Exercise requirements:
Copy the opening lines of the listing exactly, through and including the line with "For every layout"; do not copy any pictures.

Segment Open

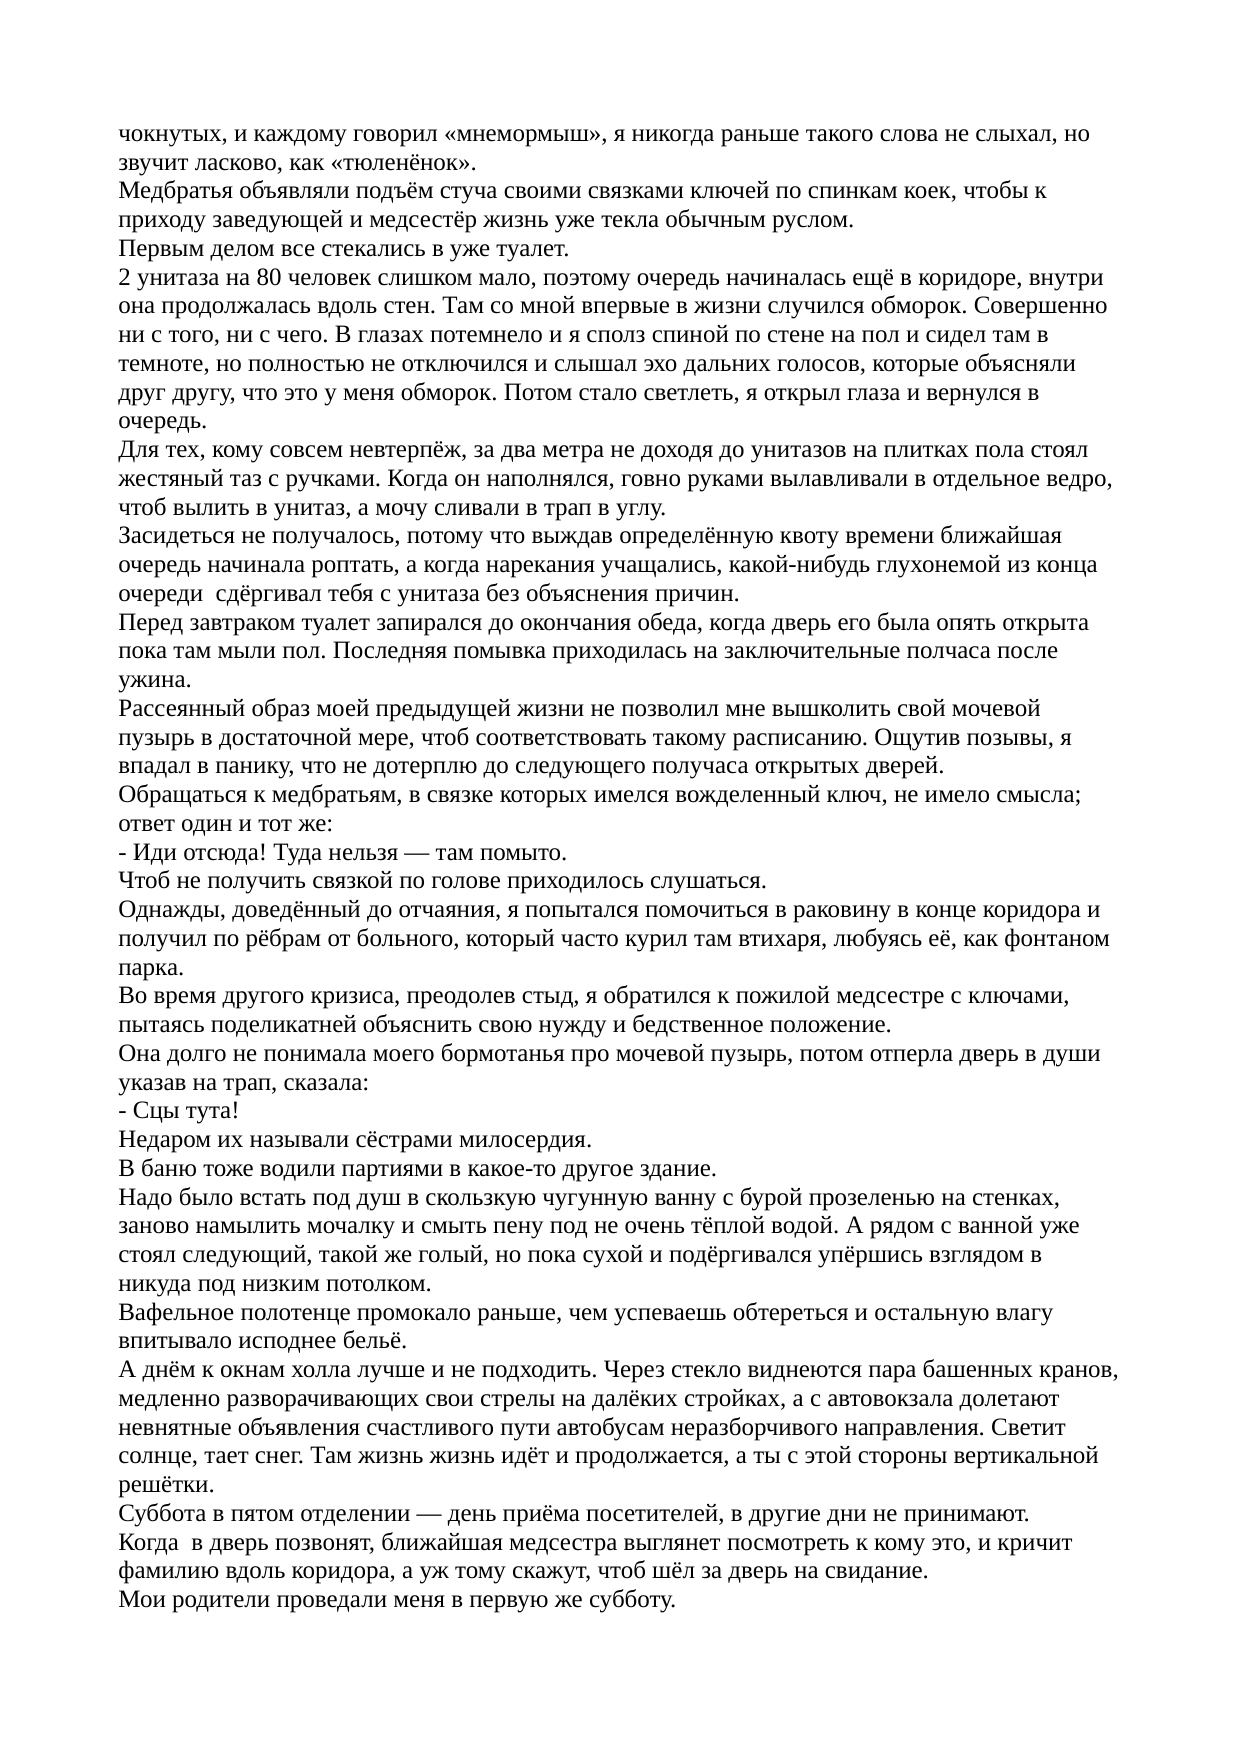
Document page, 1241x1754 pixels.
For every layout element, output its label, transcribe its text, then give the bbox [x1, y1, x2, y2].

text Однажды, доведённый до отчаяния, я попытался помочиться в раковину в конце коридора и получил по рёбрам от больного, который часто курил там втихаря, любуясь её, как фонтаном парка. [118, 894, 1122, 981]
text - Иди отсюда! Туда нельзя — там помыто. [118, 837, 1122, 866]
text Перед завтраком туалет запирался до окончания обеда, когда дверь его была опять открыта пока там мыли пол. Последняя помывка приходилась на заключительные полчаса после ужина. [118, 607, 1122, 693]
text Первым делом все стекались в уже туалет. [118, 233, 1122, 262]
text Надо было встать под душ в скользкую чугунную ванну с бурой прозеленью на стенках, заново намылить мочалку и смыть пену под не очень тёплой водой. А рядом с ванной уже стоял следующий, такой же голый, но пока сухой и подёргивался упёршись взглядом в никуда под низким потолком. [118, 1182, 1122, 1297]
text Для тех, кому совсем невтерпёж, за два метра не доходя до унитазов на плитках пола стоял жестяный таз с ручками. Когда он наполнялся, говно руками вылавливали в отдельное ведро, чтоб вылить в унитаз, а мочу сливали в трап в углу. [118, 434, 1122, 521]
text Обращаться к медбратьям, в связке которых имелся вожделенный ключ, не имело смысла; ответ один и тот же: [118, 779, 1122, 837]
text В баню тоже водили партиями в какое-то другое здание. [118, 1153, 1122, 1182]
text Мои родители проведали меня в первую же субботу. [118, 1584, 1122, 1613]
text Чтоб не получить связкой по голове приходилось слушаться. [118, 866, 1122, 894]
text Суббота в пятом отделении — день приёма посетителей, в другие дни не принимают. [118, 1498, 1122, 1527]
text - Сцы тута! [118, 1096, 1122, 1124]
text Она долго не понимала моего бормотанья про мочевой пузырь, потом отперла дверь в души указав на трап, сказала: [118, 1038, 1122, 1096]
text чокнутых, и каждому говорил «мнемормыш», я никогда раньше такого слова не слыхал, но звучит ласково, как «тюленёнок». [118, 118, 1122, 176]
text Вафельное полотенце промокало раньше, чем успеваешь обтереться и остальную влагу впитывало исподнее бельё. [118, 1297, 1122, 1354]
text Недаром их называли сёстрами милосердия. [118, 1124, 1122, 1153]
text А днём к окнам холла лучше и не подходить. Через стекло виднеются пара башенных кранов, медленно разворачивающих свои стрелы на далёких стройках, а с автовокзала долетают невнятные объявления счастливого пути автобусам неразборчивого направления. Светит солнце, тает снег. Там жизнь жизнь идёт и продолжается, а ты с этой стороны вертикальной решётки. [118, 1354, 1122, 1498]
text Во время другого кризиса, преодолев стыд, я обратился к пожилой медсестре с ключами, пытаясь поделикатней объяснить свою нужду и бедственное положение. [118, 981, 1122, 1038]
text Медбратья объявляли подъём стуча своими связками ключей по спинкам коек, чтобы к приходу заведующей и медсестёр жизнь уже текла обычным руслом. [118, 176, 1122, 233]
text Засидеться не получалось, потому что выждав определённую квоту времени ближайшая очередь начинала роптать, а когда нарекания учащались, какой-нибудь глухонемой из конца очереди сдёргивал тебя с унитаза без объяснения причин. [118, 521, 1122, 607]
text Рассеянный образ моей предыдущей жизни не позволил мне вышколить свой мочевой пузырь в достаточной мере, чтоб соответствовать такому расписанию. Ощутив позывы, я впадал в панику, что не дотерплю до следующего получаса открытых дверей. [118, 693, 1122, 779]
text 2 унитаза на 80 человек слишком мало, поэтому очередь начиналась ещё в коридоре, внутри она продолжалась вдоль стен. Там со мной впервые в жизни случился обморок. Совершенно ни с того, ни с чего. В глазах потемнело и я сполз спиной по стене на пол и сидел там в темноте, но полностью не отключился и слышал эхо дальних голосов, которые объясняли друг другу, что это у меня обморок. Потом стало светлеть, я открыл глаза и вернулся в очередь. [118, 262, 1122, 434]
text Когда в дверь позвонят, ближайшая медсестра выглянет посмотреть к кому это, и кричит фамилию вдоль коридора, а уж тому скажут, чтоб шёл за дверь на свидание. [118, 1527, 1122, 1584]

Segment Closed

Reply to the exercise:
Document page, 1241x1754 pixels.
For every layout element, output its label, transcribe its text, then give the bbox [x1, y1, x2, y2].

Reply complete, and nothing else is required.